[Task goal]
Your answer should consist of the lines in the listing that hold "text".
•••
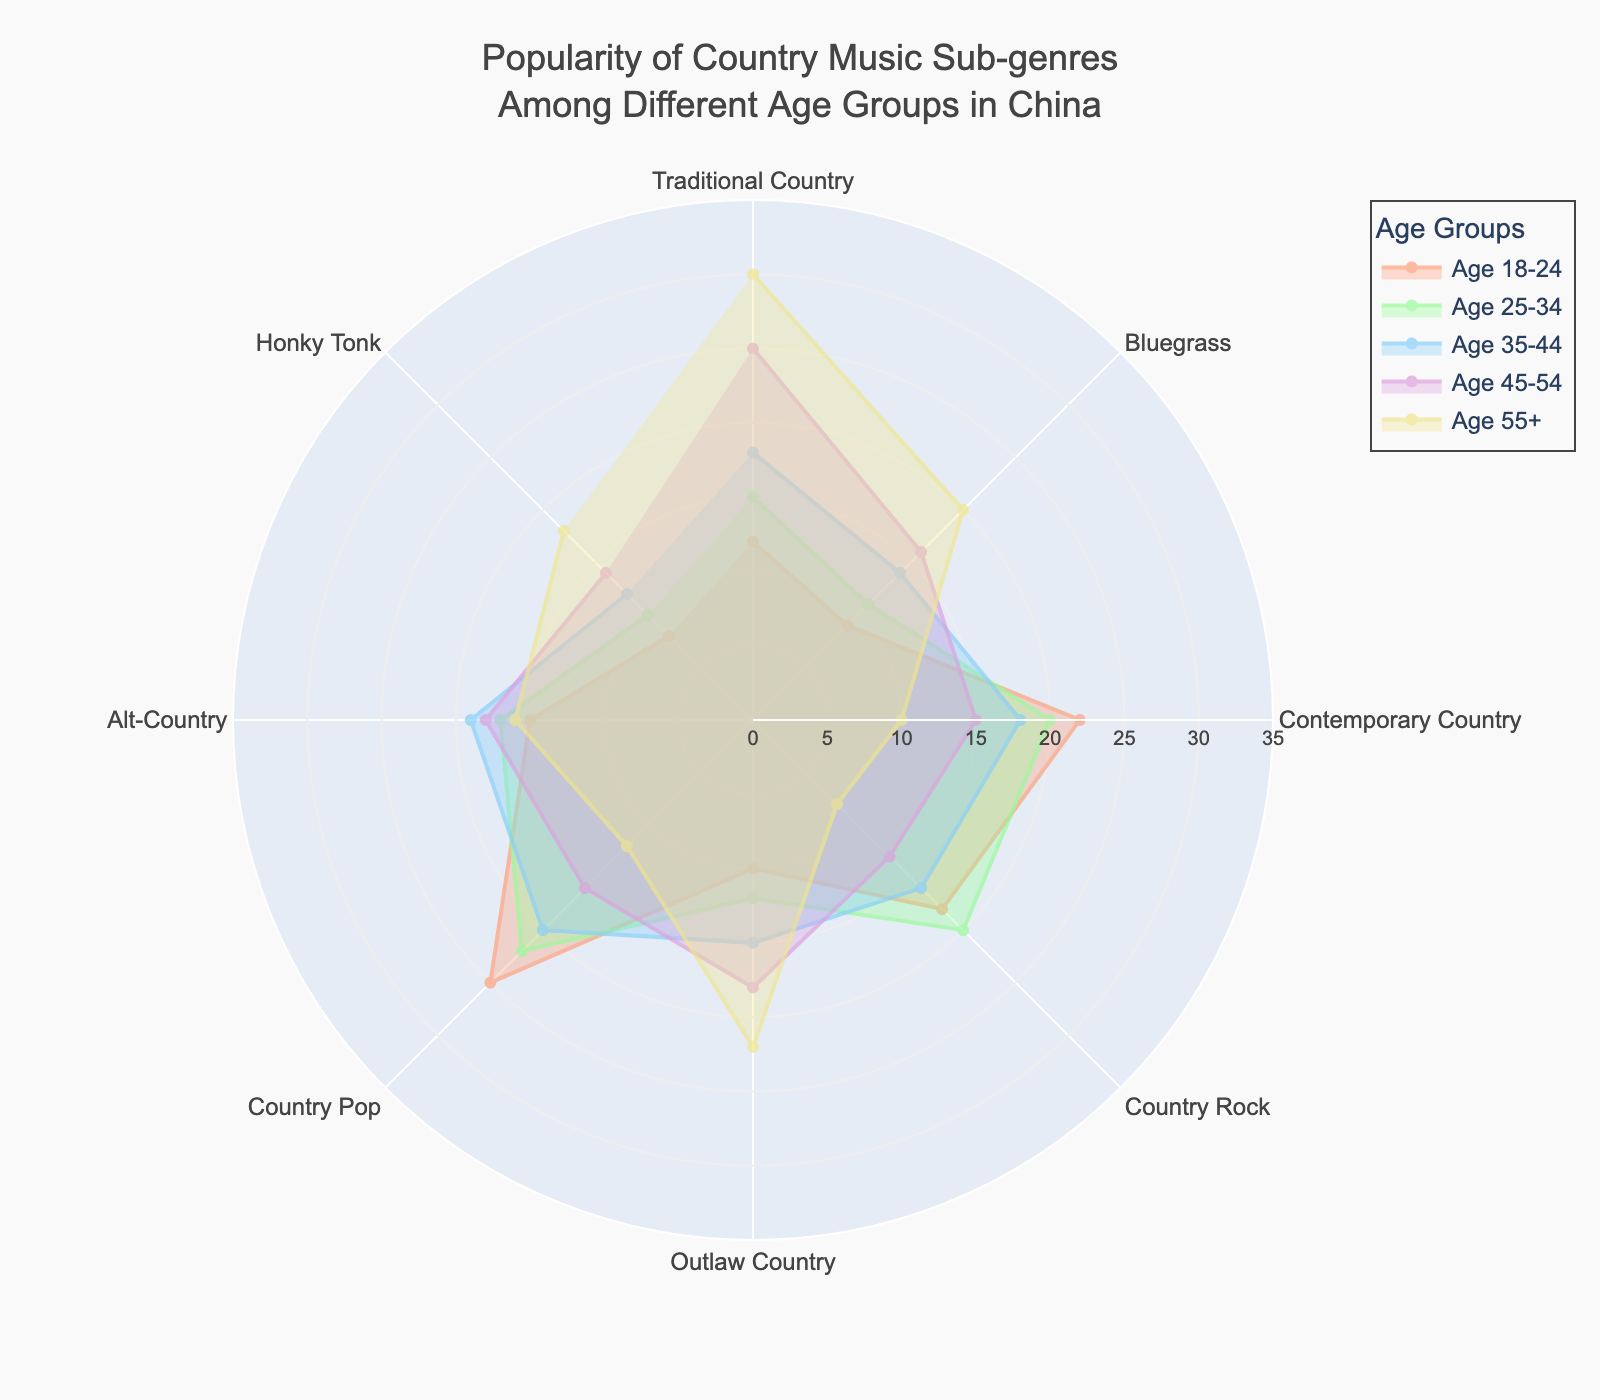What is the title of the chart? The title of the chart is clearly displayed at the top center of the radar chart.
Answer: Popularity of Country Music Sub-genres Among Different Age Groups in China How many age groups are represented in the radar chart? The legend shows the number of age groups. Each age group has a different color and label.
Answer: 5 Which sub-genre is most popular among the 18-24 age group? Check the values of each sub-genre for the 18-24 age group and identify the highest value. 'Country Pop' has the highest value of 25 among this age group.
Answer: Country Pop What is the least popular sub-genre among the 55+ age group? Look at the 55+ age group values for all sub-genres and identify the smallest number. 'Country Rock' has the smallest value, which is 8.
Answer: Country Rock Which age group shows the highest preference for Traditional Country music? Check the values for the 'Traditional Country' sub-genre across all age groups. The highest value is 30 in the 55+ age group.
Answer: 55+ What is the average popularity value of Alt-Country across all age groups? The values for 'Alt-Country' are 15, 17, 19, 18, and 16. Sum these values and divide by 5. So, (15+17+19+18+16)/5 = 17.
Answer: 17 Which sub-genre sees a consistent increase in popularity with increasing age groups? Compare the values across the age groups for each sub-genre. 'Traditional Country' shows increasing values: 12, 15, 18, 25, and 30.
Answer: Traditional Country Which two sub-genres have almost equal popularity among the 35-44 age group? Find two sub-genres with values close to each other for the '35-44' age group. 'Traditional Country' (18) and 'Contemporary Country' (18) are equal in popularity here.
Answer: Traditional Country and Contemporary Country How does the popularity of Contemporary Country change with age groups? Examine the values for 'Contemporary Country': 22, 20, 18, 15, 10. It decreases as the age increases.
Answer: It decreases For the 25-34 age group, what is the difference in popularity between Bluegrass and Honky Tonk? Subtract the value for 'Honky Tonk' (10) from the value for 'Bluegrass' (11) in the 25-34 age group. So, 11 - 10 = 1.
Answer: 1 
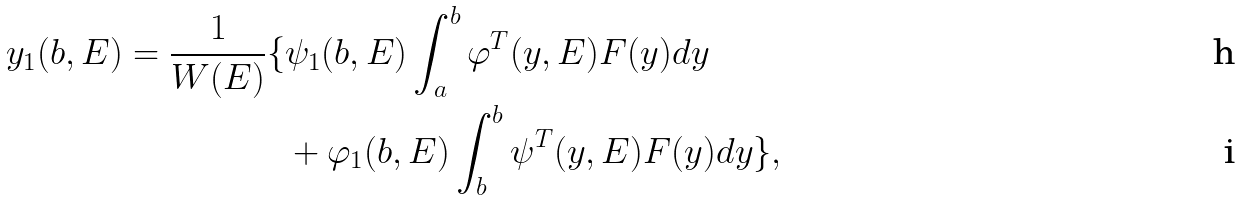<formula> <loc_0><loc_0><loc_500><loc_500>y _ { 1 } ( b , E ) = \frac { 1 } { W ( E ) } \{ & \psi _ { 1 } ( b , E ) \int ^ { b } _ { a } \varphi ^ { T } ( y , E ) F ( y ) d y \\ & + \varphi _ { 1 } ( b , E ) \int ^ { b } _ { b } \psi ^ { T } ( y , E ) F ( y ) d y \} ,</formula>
•••
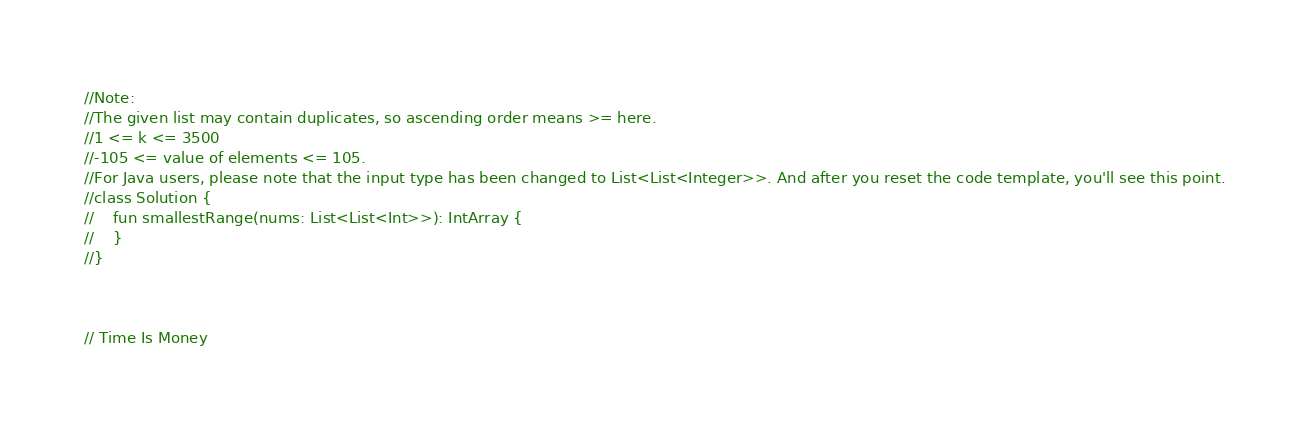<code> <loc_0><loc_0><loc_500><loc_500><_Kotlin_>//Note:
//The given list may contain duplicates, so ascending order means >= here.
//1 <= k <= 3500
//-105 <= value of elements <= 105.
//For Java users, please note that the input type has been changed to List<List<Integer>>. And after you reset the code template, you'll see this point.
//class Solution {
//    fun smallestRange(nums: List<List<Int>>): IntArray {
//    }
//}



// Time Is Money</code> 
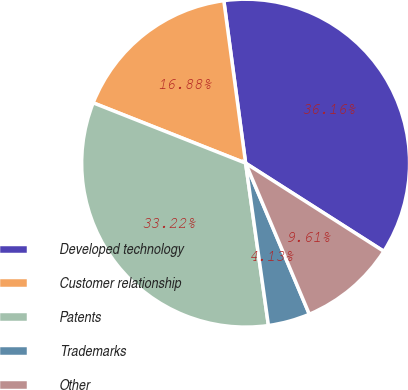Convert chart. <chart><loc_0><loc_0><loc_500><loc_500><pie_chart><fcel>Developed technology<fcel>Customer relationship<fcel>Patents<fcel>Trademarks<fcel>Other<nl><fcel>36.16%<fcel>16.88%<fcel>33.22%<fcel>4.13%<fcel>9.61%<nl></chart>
•••
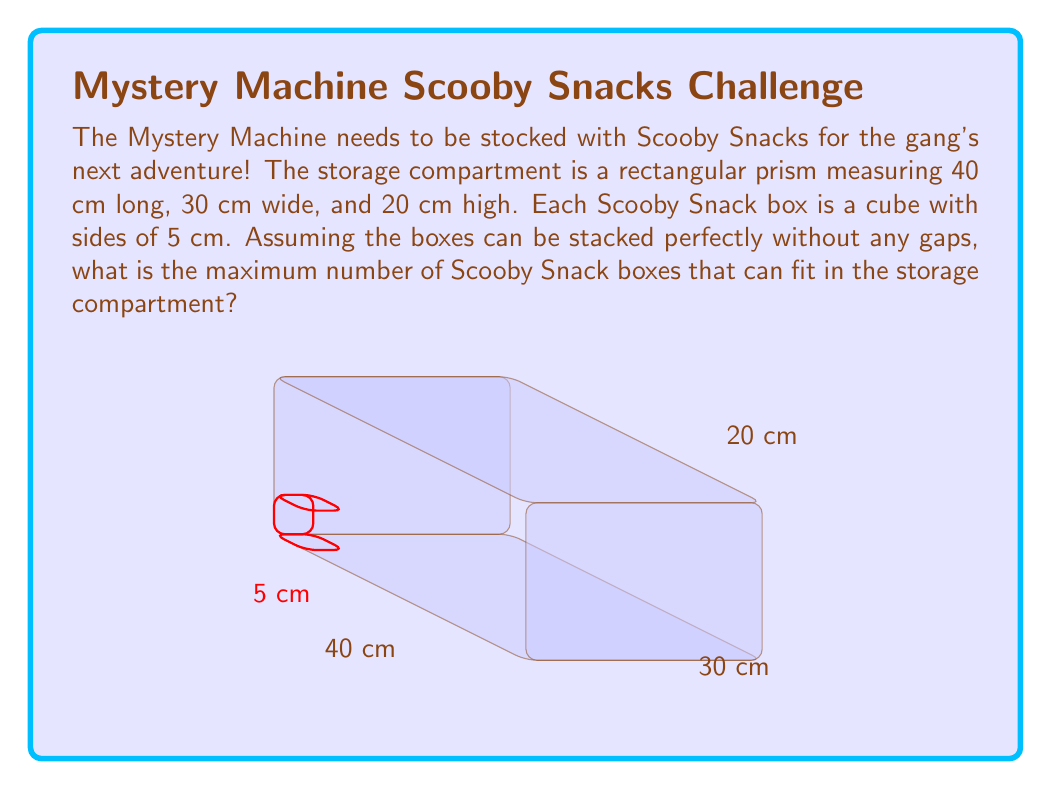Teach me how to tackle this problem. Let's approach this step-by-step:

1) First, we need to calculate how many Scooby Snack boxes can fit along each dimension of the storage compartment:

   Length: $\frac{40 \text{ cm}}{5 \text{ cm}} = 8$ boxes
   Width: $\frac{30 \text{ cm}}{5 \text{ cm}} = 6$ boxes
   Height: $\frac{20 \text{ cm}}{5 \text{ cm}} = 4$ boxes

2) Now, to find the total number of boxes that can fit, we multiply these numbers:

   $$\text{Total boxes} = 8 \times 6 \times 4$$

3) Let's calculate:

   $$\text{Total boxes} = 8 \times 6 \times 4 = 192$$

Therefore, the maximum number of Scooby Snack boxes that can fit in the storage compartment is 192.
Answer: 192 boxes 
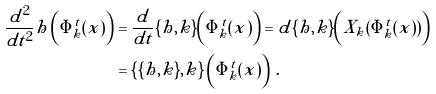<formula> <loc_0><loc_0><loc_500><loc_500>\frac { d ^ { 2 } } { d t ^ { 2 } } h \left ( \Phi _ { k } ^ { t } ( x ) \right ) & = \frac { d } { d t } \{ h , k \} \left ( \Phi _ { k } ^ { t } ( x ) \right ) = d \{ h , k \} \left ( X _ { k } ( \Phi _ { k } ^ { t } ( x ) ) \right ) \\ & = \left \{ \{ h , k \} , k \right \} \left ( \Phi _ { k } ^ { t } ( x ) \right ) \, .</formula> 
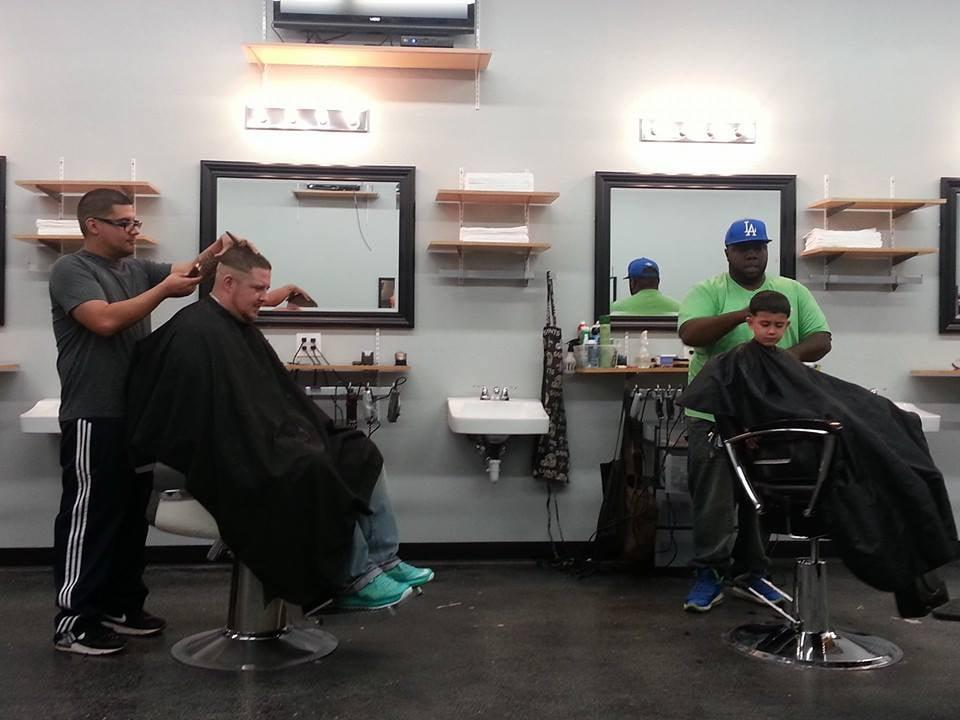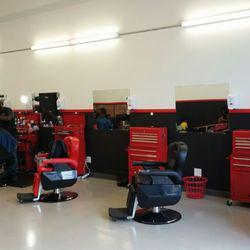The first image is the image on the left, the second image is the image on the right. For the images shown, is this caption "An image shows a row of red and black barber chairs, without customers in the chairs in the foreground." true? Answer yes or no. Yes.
•••
[Problem solution]
   Length: $\frac{40 \text{ cm}}{5 \text{ cm}} = 8$ boxes
   Width: $\frac{30 \text{ cm}}{5 \text{ cm}} = 6$ boxes
   Height: $\frac{20 \text{ cm}}{5 \text{ cm}} = 4$ boxes
   $$\text{Total boxes} = 8 \times 6 \times 4$$
   $$\text{Total boxes} = 8 \times 6 \times 4 = 192$$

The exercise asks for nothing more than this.